In this example, I chain with the gaussian mechanism instead, with a budget of .1 epsilon, 1e-5 delta.

In [60]:
from opendp.meas import make_base_gaussian
from opendp.trans import make_sized_bounded_variance

variance = (
    # Convert data into a dataframe of string columns
    make_split_dataframe(separator=",", col_names=col_names) >>
    # Selects a column of df, Vec<str>
    make_select_column(key="age", TOA=str) >>
    # Cast the column as Vec<float>, and fill nulls with the default value, 0.
    make_cast_default(TIA=str, TOA=float) >>
    # Clamp age values
    make_clamp(bounds=float_age_bounds) >>
    # Resize the dataset to length `count_release`.
    make_bounded_resize(size=count_release, bounds=float_age_bounds, constant=20.) >>
    # Compute the variance
    make_sized_bounded_variance(size=count_release, bounds=float_age_bounds)
)

dp_variance = binary_search_chain(
    lambda s: variance >> make_base_gaussian(scale=s),
    d_in=max_influence,
    d_out=(1., 1e-5) # (epsilon, delta)-DP
)

print("DP variance:", dp_variance(data))

DP variance: 211.82291370109587


### Combinators

Combinators constructors that take other measurements or transformations as arguments.

You're already familiar with chainers, which are a type of combinator.

In [61]:
from opendp.comb import make_chain_tt

chained = make_chain_tt(clamper, caster)

chained(["1", "2", "3", "10", "a"])

[1, 2, 3, 10, 0]

Another kind of combinator is composition.

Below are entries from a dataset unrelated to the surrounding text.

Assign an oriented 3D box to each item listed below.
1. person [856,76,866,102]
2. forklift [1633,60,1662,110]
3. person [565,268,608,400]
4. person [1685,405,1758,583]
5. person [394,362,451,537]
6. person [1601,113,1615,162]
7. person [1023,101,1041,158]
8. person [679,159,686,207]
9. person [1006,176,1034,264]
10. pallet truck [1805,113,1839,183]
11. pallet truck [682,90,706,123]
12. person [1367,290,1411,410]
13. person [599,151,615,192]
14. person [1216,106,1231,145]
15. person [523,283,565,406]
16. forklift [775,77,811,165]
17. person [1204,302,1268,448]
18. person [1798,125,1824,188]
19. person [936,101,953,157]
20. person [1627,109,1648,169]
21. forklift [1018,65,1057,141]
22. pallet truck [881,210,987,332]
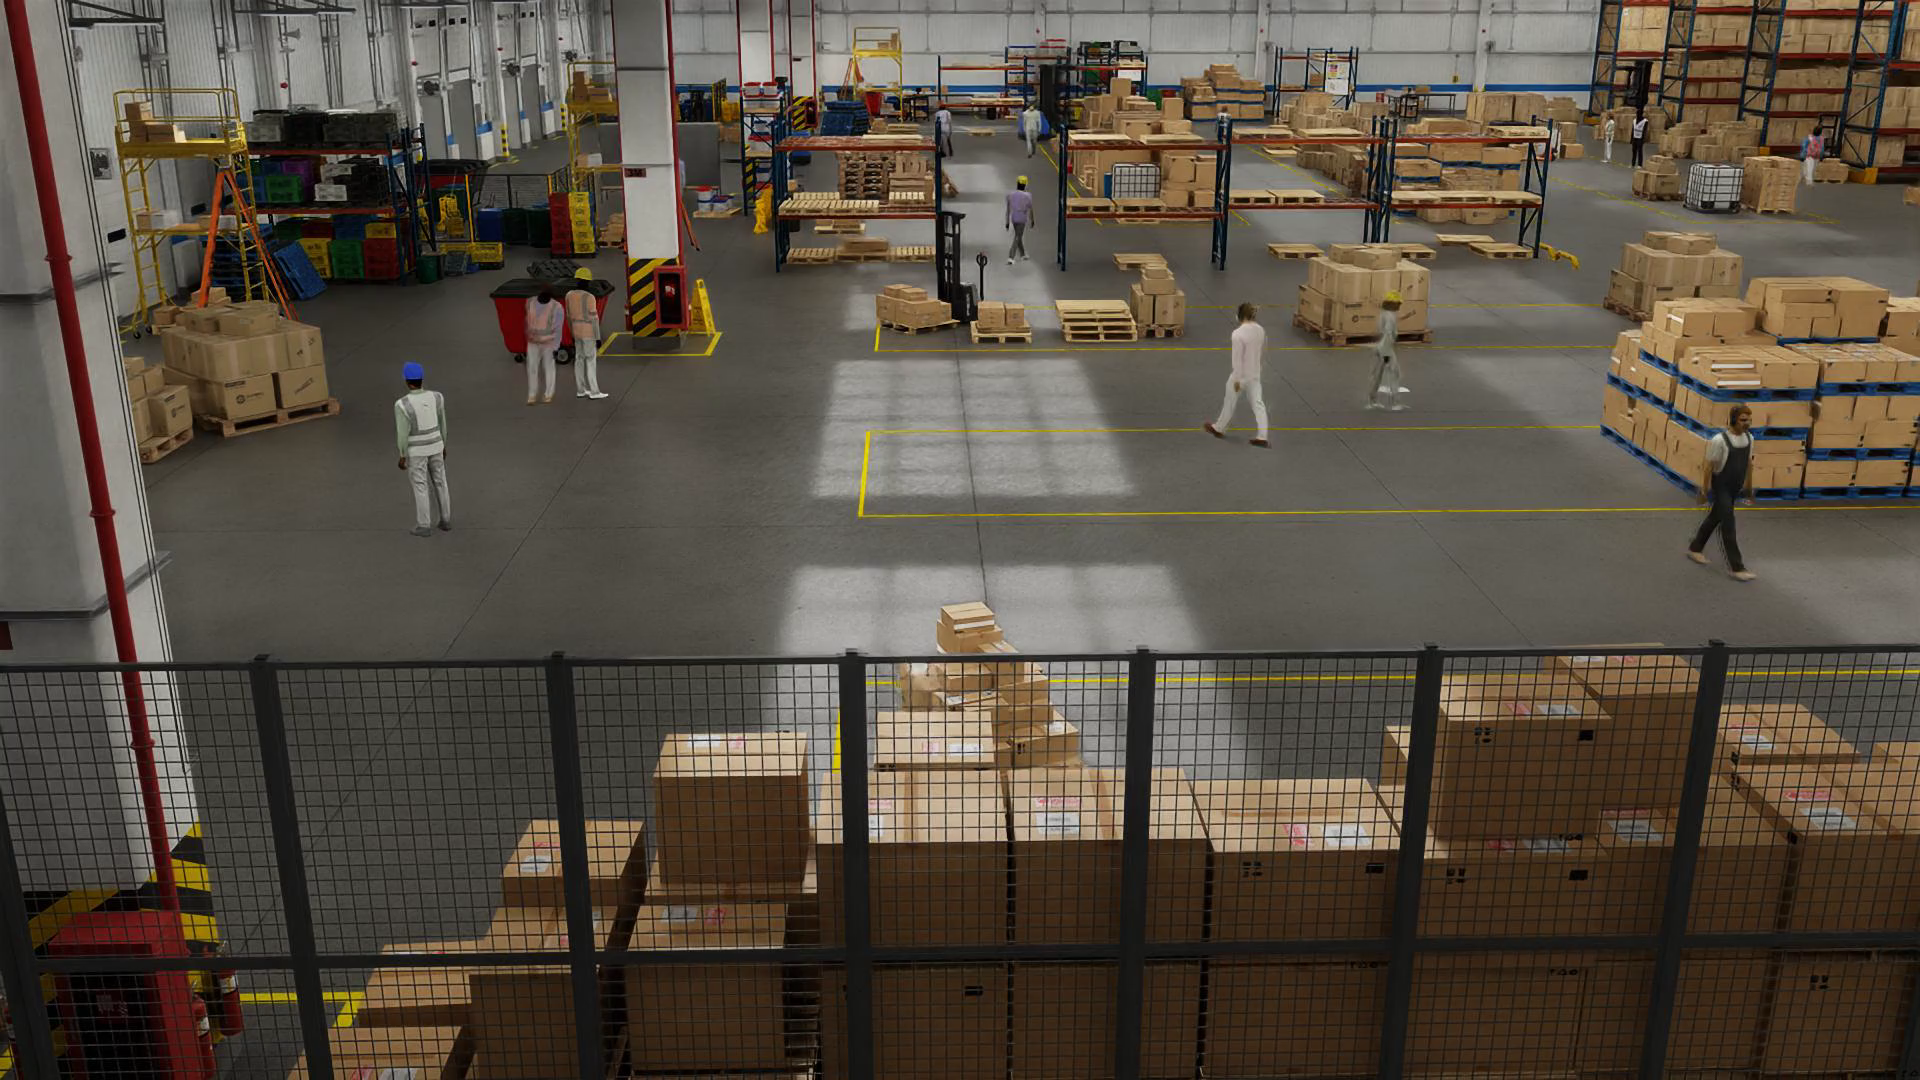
[{"bbox_3d":[-4.247,-19.092,71.986,0.445,1.926,0.634,-7,20,-20],"label":"person"},{"bbox_3d":[27.085,-17.638,66.194,1.873,2.768,1.129,-1,19,-2],"label":"forklift"},{"bbox_3d":[-5.467,-3.011,24.284,0.585,1.920,0.374,12,22,31],"label":"person"},{"bbox_3d":[7.910,-0.514,17.074,0.527,1.794,0.955,-8,20,-23],"label":"person"},{"bbox_3d":[-5.899,-0.996,18.263,0.387,1.949,0.602,15,23,37],"label":"person"},{"bbox_3d":[21.818,-13.533,55.946,0.315,1.629,0.509,0,19,1],"label":"person"},{"bbox_3d":[2.485,-14.209,57.526,0.641,1.909,0.855,1,19,4],"label":"person"},{"bbox_3d":[-7.170,-8.909,41.779,0.573,1.915,0.417,-6,19,-17],"label":"person"},{"bbox_3d":[1.259,-6.934,36.019,0.577,1.871,1.000,13,23,34],"label":"person"},{"bbox_3d":[26.403,-11.957,50.702,0.823,1.965,1.885,6,19,16],"label":"pallet truck"},{"bbox_3d":[-9.671,-15.907,62.421,0.823,1.965,1.885,5,19,15],"label":"pallet truck"},{"bbox_3d":[6.171,-2.688,23.615,0.711,1.717,0.507,1,19,3],"label":"person"},{"bbox_3d":[-10.125,-10.919,48.098,0.555,1.680,0.427,3,19,9],"label":"person"},{"bbox_3d":[9.436,-14.713,59.501,0.539,1.586,0.879,7,20,21],"label":"person"},{"bbox_3d":[-5.992,-2.806,23.871,0.697,1.794,0.635,3,19,10],"label":"person"},{"bbox_3d":[-5.920,-13.893,55.085,1.873,2.768,1.129,-1,19,-1],"label":"forklift"},{"bbox_3d":[3.724,-2.194,21.922,0.651,1.878,1.032,-14,23,-37],"label":"person"},{"bbox_3d":[25.211,-11.377,49.288,0.620,1.819,0.804,-4,19,-11],"label":"person"},{"bbox_3d":[-0.548,-14.253,57.718,0.565,1.868,0.922,2,19,6],"label":"person"},{"bbox_3d":[22.060,-13.040,54.059,0.399,1.908,0.606,-7,20,-21],"label":"person"},{"bbox_3d":[3.207,-16.537,62.930,1.873,2.768,1.129,-3,19,-8],"label":"forklift"},{"bbox_3d":[-0.493,-4.759,29.349,1.885,1.965,0.823,-13,23,-34],"label":"pallet truck"}]
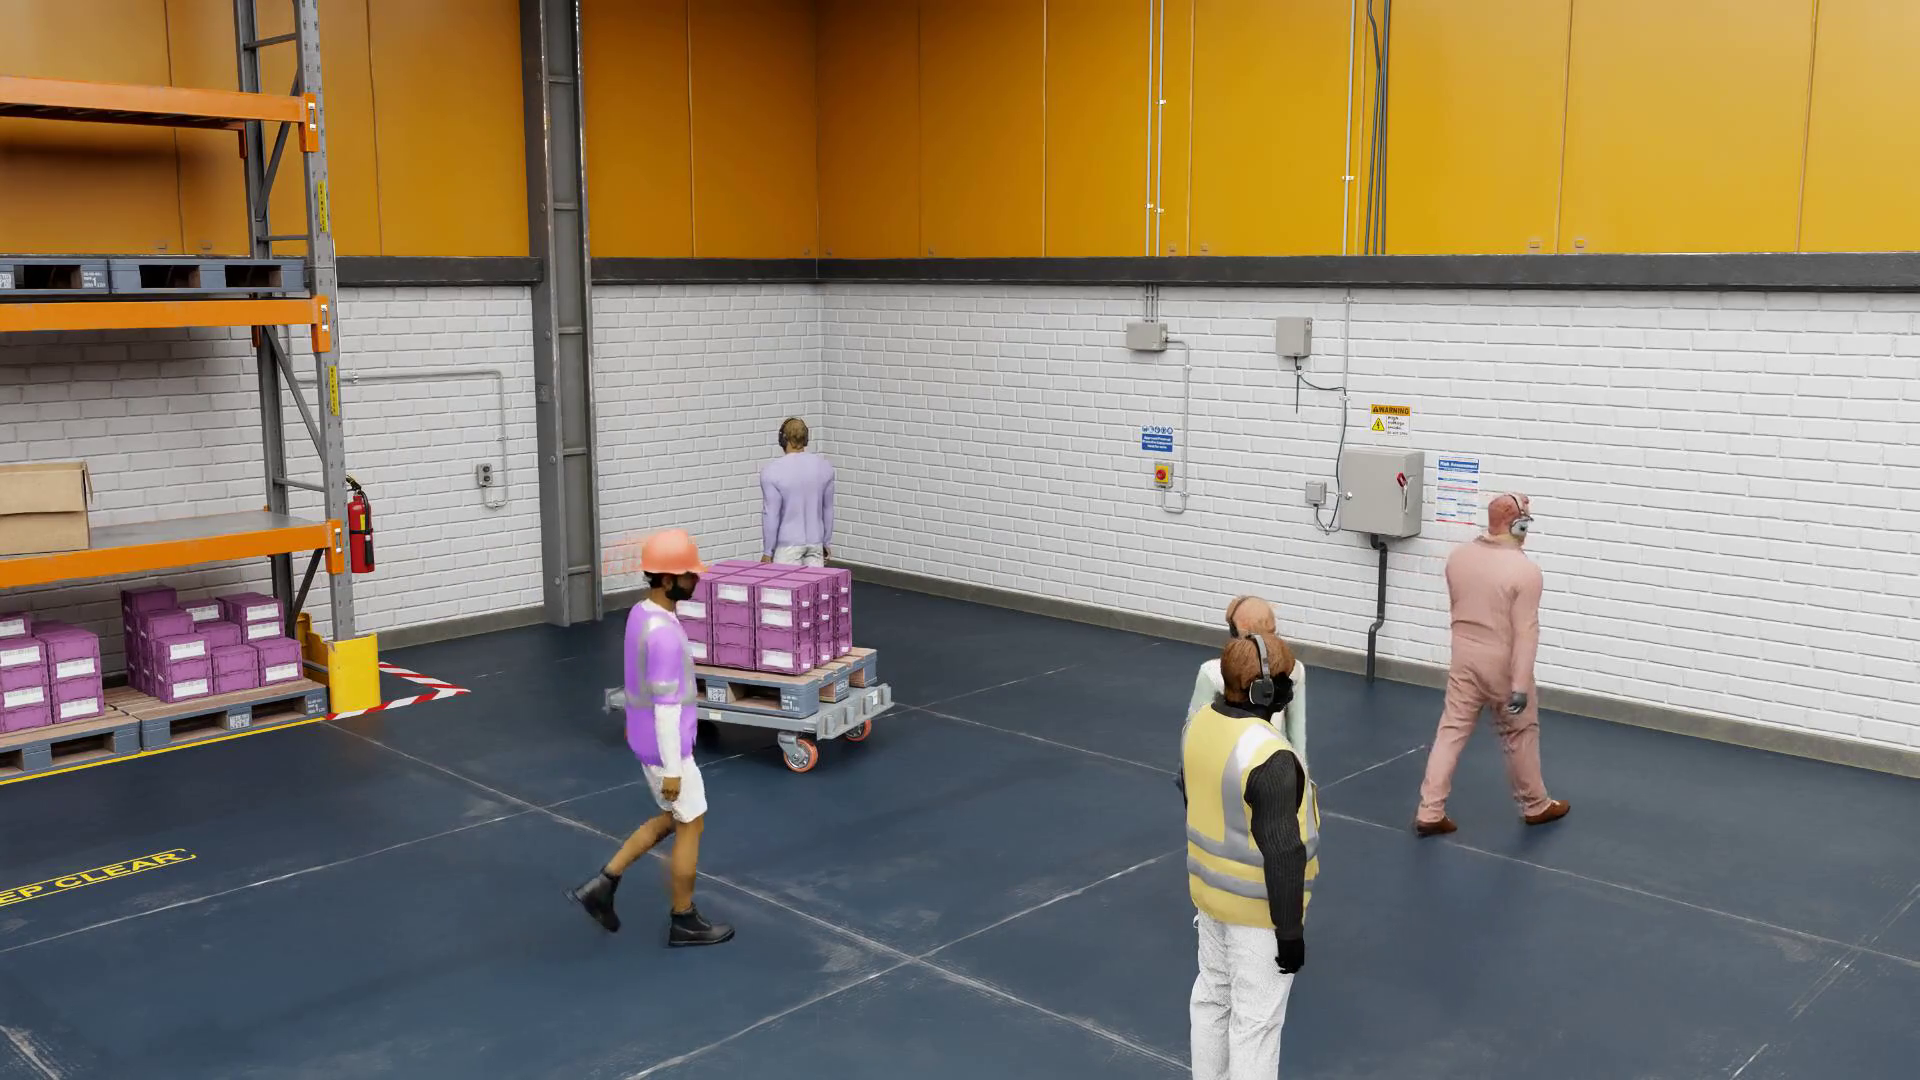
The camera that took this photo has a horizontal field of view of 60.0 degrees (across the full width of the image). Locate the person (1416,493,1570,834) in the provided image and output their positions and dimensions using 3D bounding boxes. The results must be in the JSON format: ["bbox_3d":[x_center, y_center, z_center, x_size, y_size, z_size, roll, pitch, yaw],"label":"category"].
[{"bbox_3d":[2.867,0.665,8.919,0.991,1.858,0.655,-6,11,-31],"label":"person"}]

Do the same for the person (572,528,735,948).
[{"bbox_3d":[-1.352,0.892,7.338,0.600,1.914,0.556,-4,10,-22],"label":"person"}]

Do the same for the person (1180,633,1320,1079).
[{"bbox_3d":[0.980,1.215,5.586,0.429,1.844,0.627,-3,10,-20],"label":"person"}]

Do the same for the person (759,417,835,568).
[{"bbox_3d":[-1.220,0.048,12.445,0.629,1.939,0.374,-7,12,-38],"label":"person"}]

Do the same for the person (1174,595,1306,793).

We can combine multiple measurements to create one measurement that represents the composition:

In [62]:
from opendp.comb import make_basic_composition

composed = make_basic_composition(dp_sum, dp_mean)

composed(data)

'(32993364, 45.01290176629379)'

Another type of combinator is an amplifier. In this example I'll apply the amplifier to a dp variance estimator:

In [63]:
from opendp.comb import make_population_amplification
variance = make_sized_bounded_variance(size=count_release, bounds=float_age_bounds)

dp_variance = binary_search_chain(
    lambda s: variance >> make_base_laplace(scale=s),
    d_in=max_influence,
    d_out=1.
)

make_population_amplification(dp_variance, 100_000).check(1, .05)


True

You'll notice that we found a dp variance estimator that was 1 epsilon-DP, but after amplification, it is at least .05 epsilon-DP. We are taking advantage of the knowledge that the dataset was a simple sample from a larger population with at least 100,000 individuals.

For more information... 
- Docs website: https://docs.opendp.org
- Github Repo:  https://github.com/opendp/opendp


### Contrib, Vetting and Proofs

As mentioned before, much of the library is still in "contrib".
A requirement of the vetting process is having the code supported by a proof document. 
The library is designed to make this as easy as possible, because it consists of modular building blocks (Transformations and Measurements) for which encapsulated proofs may be written.

Each Transformation or Measurement proof must show the following:
1. That the function, when evaluated on any element in the input domain, emits a value in the output domain.
2. That the relation always returns false if the function is not (d_in, d_out)-close for all d_in and d_out.
3. That your choices of metrics/measures are compatible with your domains.